• Assignment:
Your answer must be the full listing, word for word, with no images in it.

• Data provided:

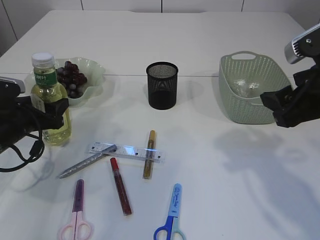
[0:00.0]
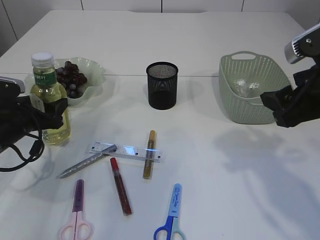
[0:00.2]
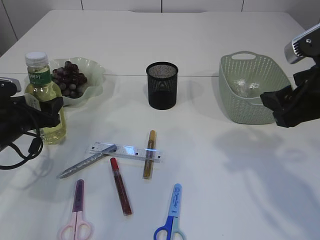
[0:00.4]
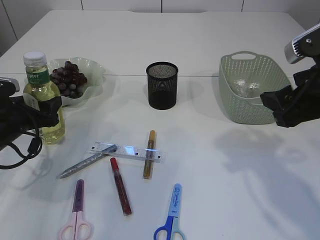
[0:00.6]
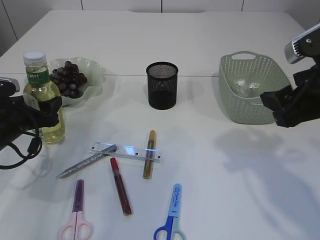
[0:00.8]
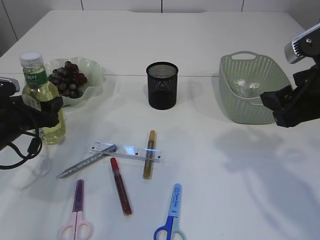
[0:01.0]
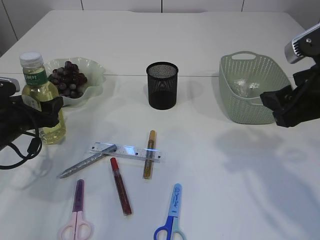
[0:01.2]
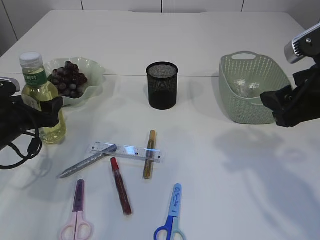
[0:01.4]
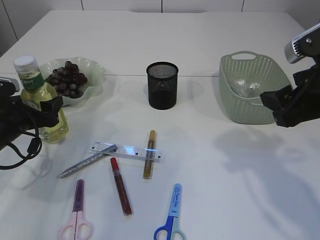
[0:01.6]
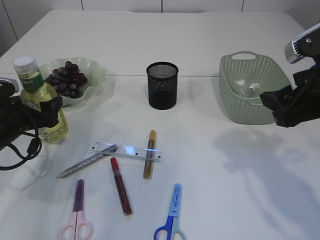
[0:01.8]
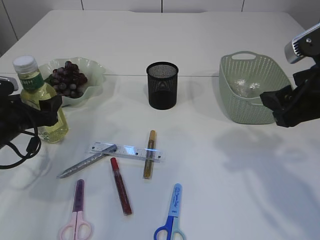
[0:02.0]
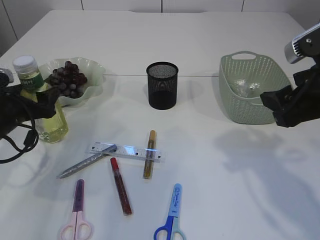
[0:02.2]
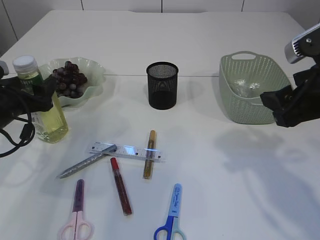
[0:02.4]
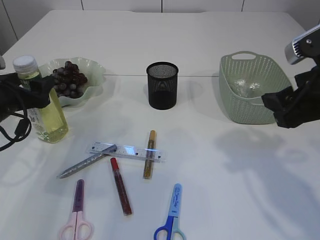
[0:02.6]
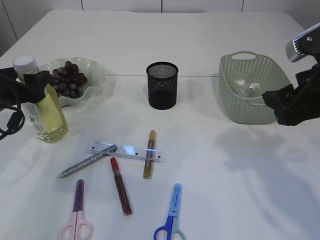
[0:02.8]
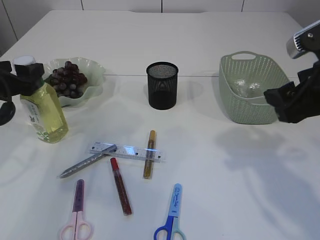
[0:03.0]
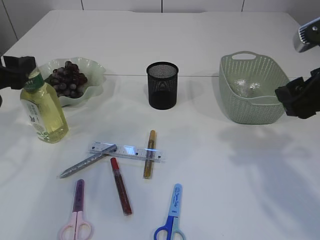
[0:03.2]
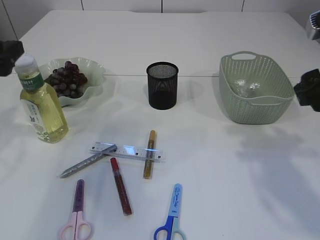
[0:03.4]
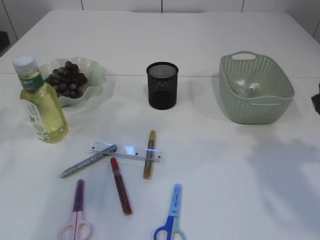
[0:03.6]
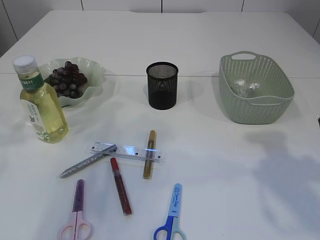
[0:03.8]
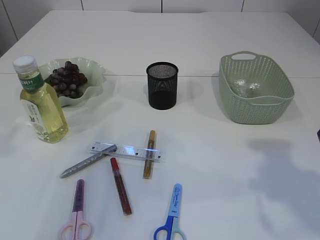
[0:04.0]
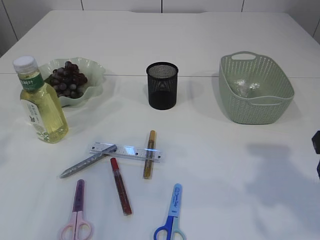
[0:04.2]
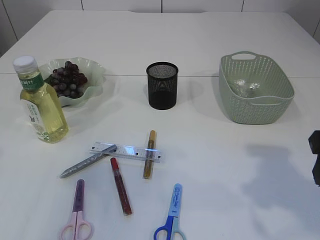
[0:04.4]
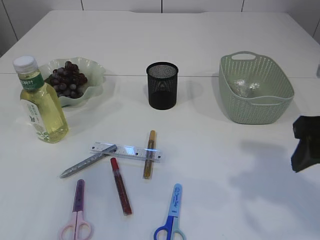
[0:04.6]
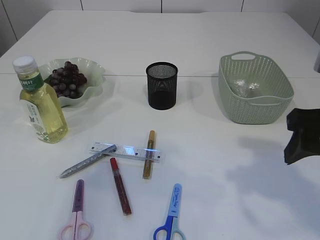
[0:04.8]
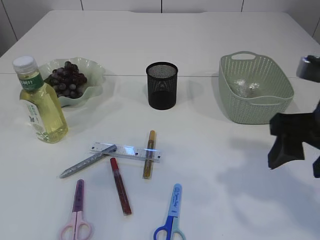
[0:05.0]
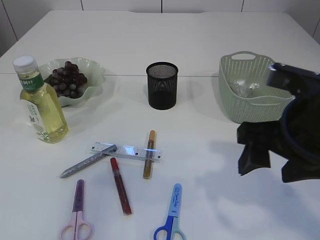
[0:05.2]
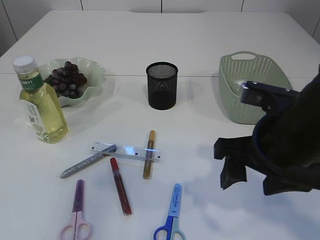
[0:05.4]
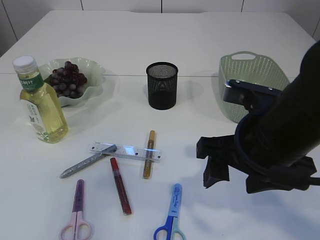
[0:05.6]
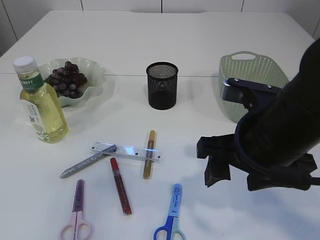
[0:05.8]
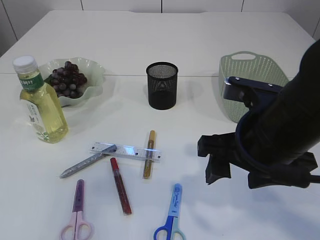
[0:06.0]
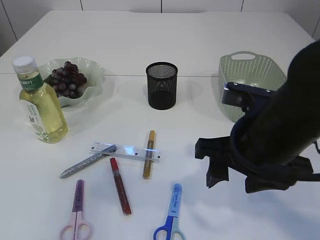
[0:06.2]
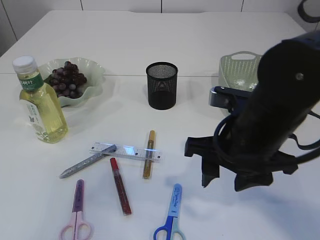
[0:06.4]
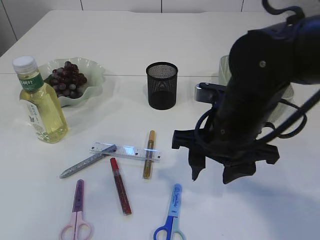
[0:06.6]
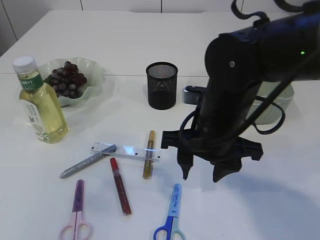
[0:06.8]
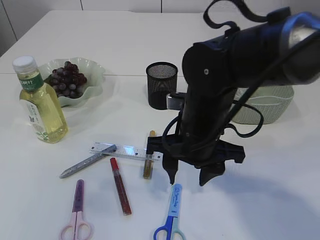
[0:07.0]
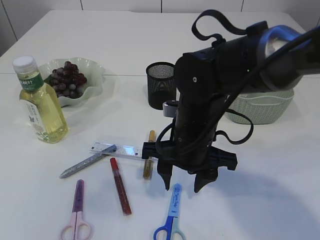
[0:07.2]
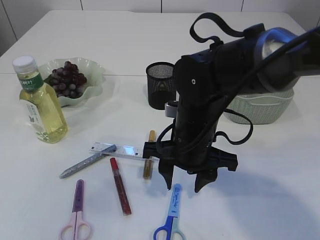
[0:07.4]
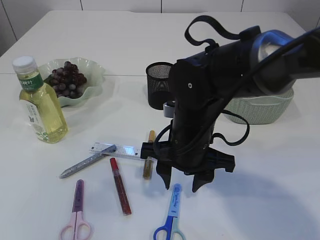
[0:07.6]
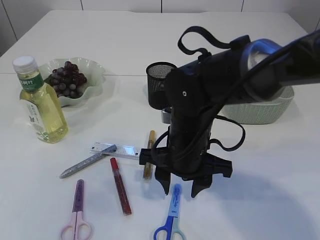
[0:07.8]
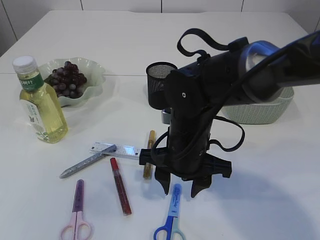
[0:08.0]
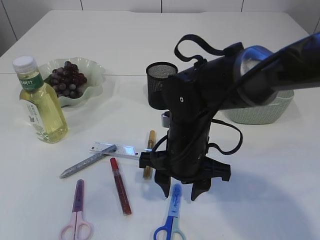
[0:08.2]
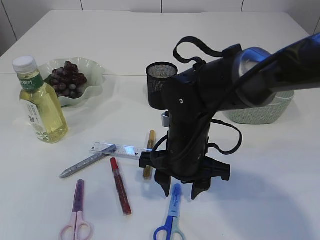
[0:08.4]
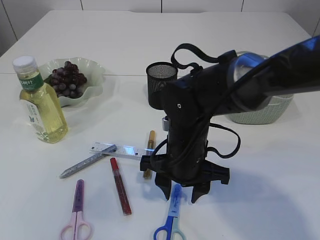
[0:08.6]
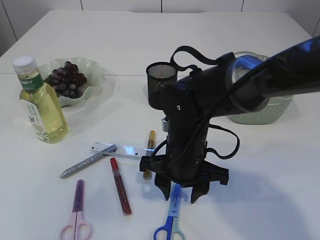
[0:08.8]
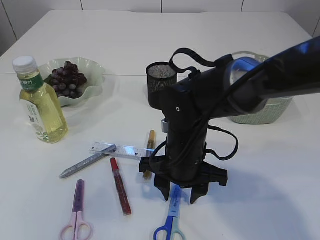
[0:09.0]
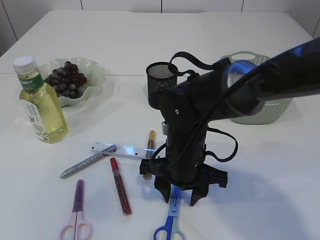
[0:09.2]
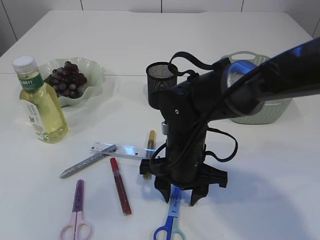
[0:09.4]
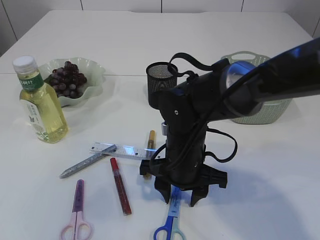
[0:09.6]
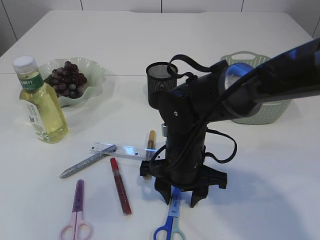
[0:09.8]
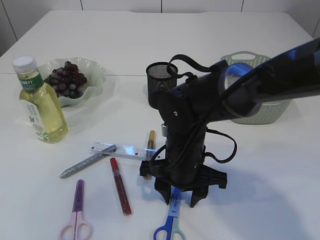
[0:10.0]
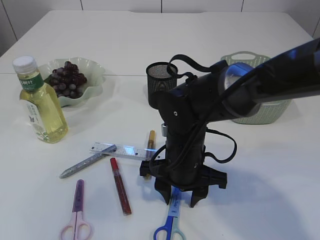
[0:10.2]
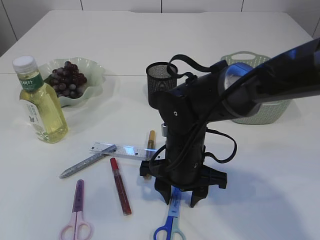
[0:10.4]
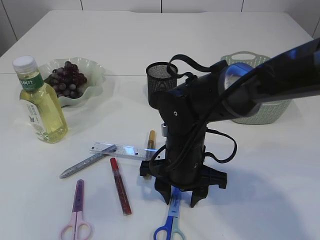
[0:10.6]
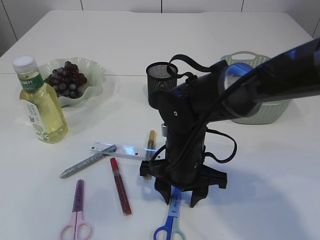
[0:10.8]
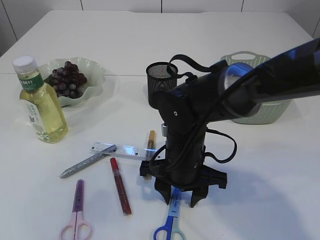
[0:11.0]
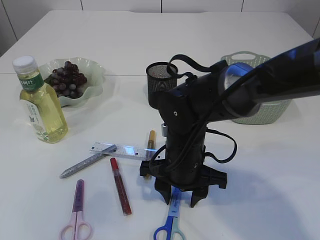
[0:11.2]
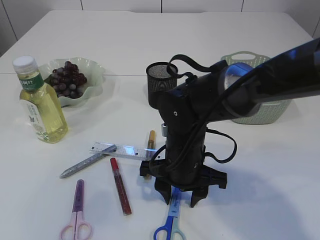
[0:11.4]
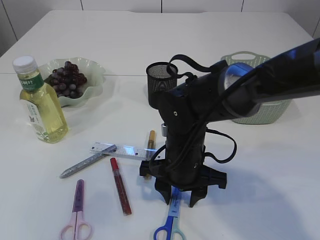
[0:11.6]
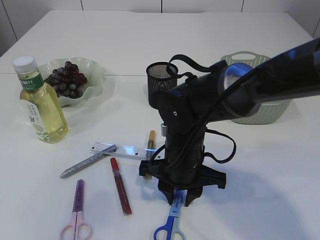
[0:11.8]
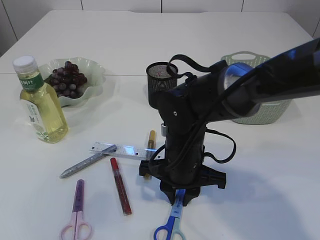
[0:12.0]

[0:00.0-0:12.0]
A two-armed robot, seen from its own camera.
Step, 0:00.0 to 0:03.4: Place the bottle.
0:00.0 to 0:01.6: Neither gripper changes place.
0:01.6 to 0:03.0: The left gripper travels upward by some 10 cm.
0:03.0 to 0:04.4: The right gripper ends up approximately 5 cm from where it was; the left gripper is displaced backward and upward by approximately 20 cm.
0:04.4 to 0:06.0: The right gripper moves to the left, about 10 cm; the left gripper travels upward by some 5 cm.
0:06.0 to 0:07.6: The right gripper is displaced to the left, forward and downward by approximately 15 cm.
0:07.6 to 0:09.0: The grippers stay close to where they were, moving slightly.
0:09.0 to 0:10.4: Both grippers stay about where they are.
0:10.4 to 0:12.0: The right gripper closes up.

• Written answer:
[0:00.0]
[0:00.2]
[0:00.4]
[0:00.6]
[0:00.8]
[0:01.0]
[0:01.2]
[0:01.4]
[0:01.6]
[0:01.8]
[0:02.0]
[0:02.2]
[0:02.4]
[0:02.6]
[0:02.8]
[0:03.0]
[0:03.2]
[0:03.4]
[0:03.6]
[0:03.8]
[0:04.0]
[0:04.2]
[0:04.4]
[0:04.6]
[0:04.8]
[0:05.0]
[0:05.2]
[0:05.4]
[0:05.6]
[0:05.8]
[0:06.0]
[0:06.2]
[0:06.4]
[0:06.6]
[0:06.8]
[0:07.0]
[0:07.2]
[0:07.4]
[0:07.6]
[0:07.8]
[0:08.0]
[0:08.2]
[0:08.4]
[0:08.6]
[0:08.8]
[0:09.0]
[0:09.2]
[0:09.4]
[0:09.6]
[0:09.8]
[0:10.0]
[0:10.2]
[0:10.4]
[0:10.6]
[0:10.8]
[0:11.0]
[0:11.2]
[0:11.4]
[0:11.6]
[0:11.8]
[0:12.0]

[0:00.0-0:12.0]
A two-armed robot, seen from its own camera.
Step, 0:00.0 to 0:03.4: Place the bottle.
0:00.0 to 0:01.6: Neither gripper changes place.
0:01.6 to 0:03.0: The left gripper travels upward by some 10 cm.
0:03.0 to 0:04.4: The right gripper ends up approximately 5 cm from where it was; the left gripper is displaced backward and upward by approximately 20 cm.
0:04.4 to 0:06.0: The right gripper moves to the left, about 10 cm; the left gripper travels upward by some 5 cm.
0:06.0 to 0:07.6: The right gripper is displaced to the left, forward and downward by approximately 15 cm.
0:07.6 to 0:09.0: The grippers stay close to where they were, moving slightly.
0:09.0 to 0:10.4: Both grippers stay about where they are.
0:10.4 to 0:12.0: The right gripper closes up.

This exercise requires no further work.